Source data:
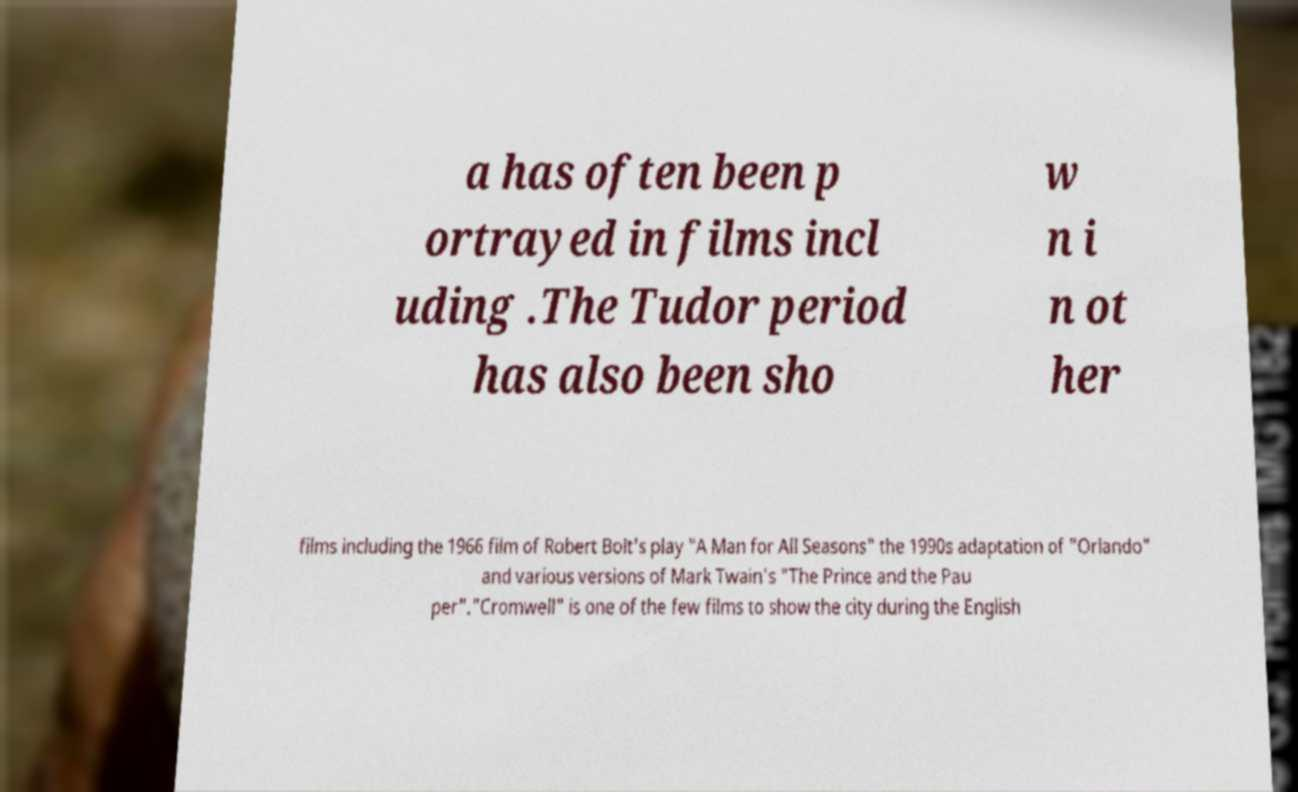Can you accurately transcribe the text from the provided image for me? a has often been p ortrayed in films incl uding .The Tudor period has also been sho w n i n ot her films including the 1966 film of Robert Bolt's play "A Man for All Seasons" the 1990s adaptation of "Orlando" and various versions of Mark Twain's "The Prince and the Pau per"."Cromwell" is one of the few films to show the city during the English 
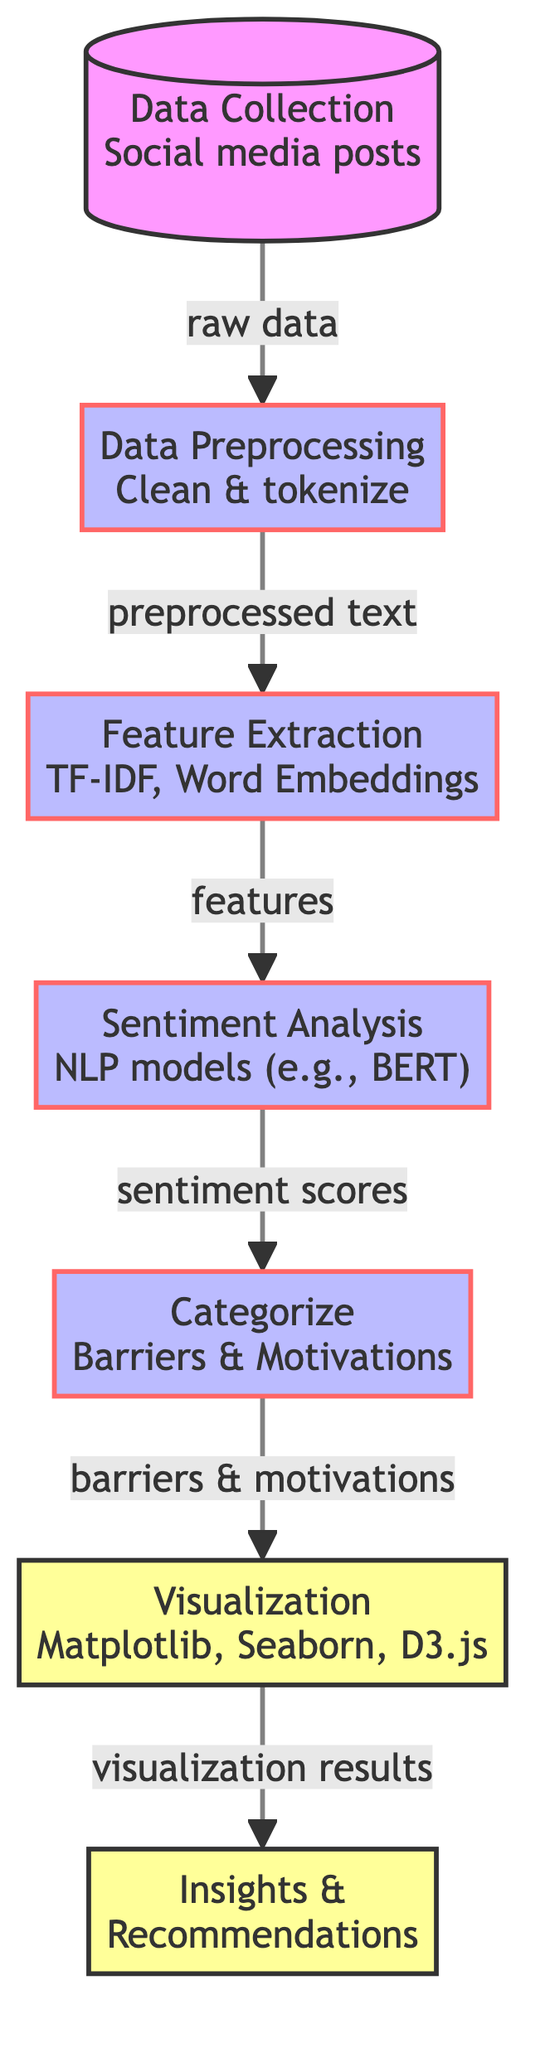What is the first step in the process? The first step in the process is "Data Collection" which involves gathering social media posts. This is indicated as the first node in the diagram.
Answer: Data Collection How many total processes are depicted in the diagram? There are five process nodes represented in the diagram (Data Preprocessing, Feature Extraction, Sentiment Analysis, Categorize, and Visualization). This can be counted by identifying all the nodes labeled as processes.
Answer: Five What is the output of the "Categorize" step? The output of the "Categorize" step is "Barriers & Motivations" as indicated in the diagram. This shows what result comes from categorizing the processed data.
Answer: Barriers & Motivations Which technique is used for sentiment analysis according to the diagram? The technique used for sentiment analysis is "NLP models (e.g., BERT)" which is specified at the corresponding node in the diagram.
Answer: NLP models (e.g., BERT) What is the last output of the process? The last output of the process is "Insights & Recommendations", as shown in the final output node of the diagram. This represents the actionable outcomes derived from the visualized results.
Answer: Insights & Recommendations What connects the "Feature Extraction" step and the "Sentiment Analysis" step? The connection between the "Feature Extraction" step and the "Sentiment Analysis" step is the output labeled "features", which flows from the third node to the fourth node in the diagram's flow.
Answer: Features What visualization tools are mentioned in the diagram? The visualization tools mentioned in the diagram are "Matplotlib, Seaborn, D3.js", which are listed at the visualization step. This indicates the tools used for creating visual representations of the data.
Answer: Matplotlib, Seaborn, D3.js Which step follows "Data Preprocessing" in the flow? The step that follows "Data Preprocessing" is "Feature Extraction", as indicated by the directional flow in the diagram that connects the two nodes.
Answer: Feature Extraction What is the connection type that links the nodes labeled as default? The connection type linking the nodes labeled as default is an edge marked as "raw data", which shows the data flow from the "Data Collection" node to the "Data Preprocessing" node.
Answer: Raw data

**Your instructions:** Return the records above exactly, without the pictures.

**Reply to the task:**
Can you accurately transcribe the text from the provided image for me? a has often been p ortrayed in films incl uding .The Tudor period has also been sho w n i n ot her films including the 1966 film of Robert Bolt's play "A Man for All Seasons" the 1990s adaptation of "Orlando" and various versions of Mark Twain's "The Prince and the Pau per"."Cromwell" is one of the few films to show the city during the English 
What is the first step in the process? The first step in the process is "Data Collection" which involves gathering social media posts. This is indicated as the first node in the diagram.
Answer: Data Collection How many total processes are depicted in the diagram? There are five process nodes represented in the diagram (Data Preprocessing, Feature Extraction, Sentiment Analysis, Categorize, and Visualization). This can be counted by identifying all the nodes labeled as processes.
Answer: Five What is the output of the "Categorize" step? The output of the "Categorize" step is "Barriers & Motivations" as indicated in the diagram. This shows what result comes from categorizing the processed data.
Answer: Barriers & Motivations Which technique is used for sentiment analysis according to the diagram? The technique used for sentiment analysis is "NLP models (e.g., BERT)" which is specified at the corresponding node in the diagram.
Answer: NLP models (e.g., BERT) What is the last output of the process? The last output of the process is "Insights & Recommendations", as shown in the final output node of the diagram. This represents the actionable outcomes derived from the visualized results.
Answer: Insights & Recommendations What connects the "Feature Extraction" step and the "Sentiment Analysis" step? The connection between the "Feature Extraction" step and the "Sentiment Analysis" step is the output labeled "features", which flows from the third node to the fourth node in the diagram's flow.
Answer: Features What visualization tools are mentioned in the diagram? The visualization tools mentioned in the diagram are "Matplotlib, Seaborn, D3.js", which are listed at the visualization step. This indicates the tools used for creating visual representations of the data.
Answer: Matplotlib, Seaborn, D3.js Which step follows "Data Preprocessing" in the flow? The step that follows "Data Preprocessing" is "Feature Extraction", as indicated by the directional flow in the diagram that connects the two nodes.
Answer: Feature Extraction What is the connection type that links the nodes labeled as default? The connection type linking the nodes labeled as default is an edge marked as "raw data", which shows the data flow from the "Data Collection" node to the "Data Preprocessing" node.
Answer: Raw data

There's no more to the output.